Here's a comparable model at Colorado Cyclist:

http://www.coloradocyclist.com/comm...FNBR=273&CRPCGNBR=273&CI=1,223,273&TextMode=0


----------



## gogogomoveit (Nov 20, 2003)

*Fwiw...*

I just discussed this issue with my co-worker. I work in Performance and we are dealership of Fuji. Nothing against Fuji bikes, but we came to consensus that in order to keep cost low, you either have to put in a lot of generic components, or you throw in a relatively less quality frame.
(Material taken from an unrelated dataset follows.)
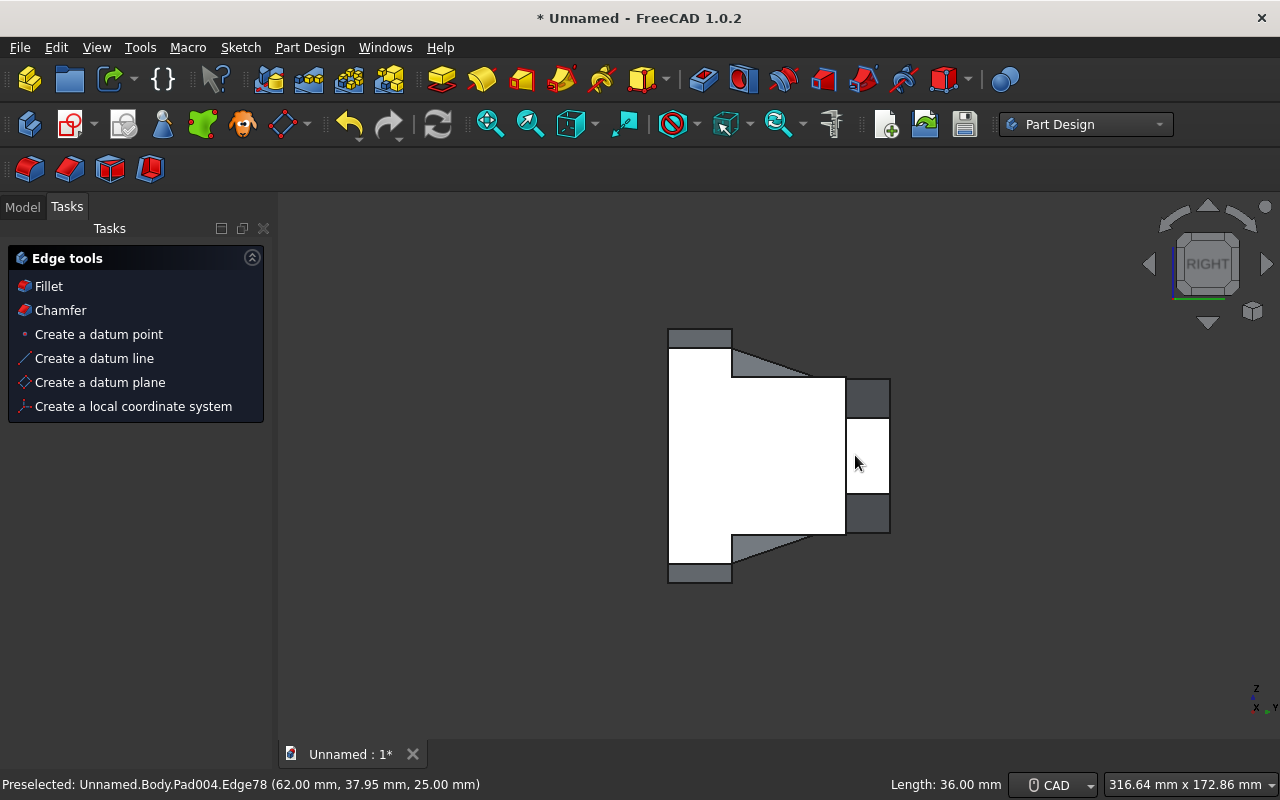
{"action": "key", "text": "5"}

Fuji Professional with DA10 is on sale right now for 2100 ( originally 2300), while Trek 04 5200 is 2600 MSRP with Ultegra components. 

Trek undoubtedly has better frame, and it will definitely pay off in the longer run. Fuji is not that much different from Specialized and most other road bikes under 2000. They are mostly made in Taiwan. They are perfectly functional, and get the job done. But if you demand details, Trek will be better off.


----------



## Savedsol (Sep 23, 2004)

To be fair Fuji's site says the Professional is $2800.00. Performance in Naperville is where I was scoping this bad boy out. For 05 Fuji is making the Professional a full carbon frame for the same $2800. But is Trek possibly overcharging because of their name recognition and lifetime warranty? I would love a Trek Y-Foil but buying one sight unseen off of eBay or here is too scary. Kind of like any internet only bike. 

And forgive my ignorance but what is a "relatively less quality frame"? Sure it's not all carbon but it uses their top of the line alloy. Is it weaker than the Trek. 

Thanks again.


----------



## jhr (May 31, 2002)

*Fuji Pro*

Our team raced Fuji Professionals this year. It is an excellent value. Part of what you pay for when you buy a Trek is name recognition and the Lance factor. Nothing wrong with this but Trek's are just not that good a value if you ask me.

The Fuji Professional is light and stable. Mine and the other team members were well constructed and assembled (rear triangle straight etc.). The frame has racing geometry and will work as well as any other racing frame. Several pro teams ride this frame.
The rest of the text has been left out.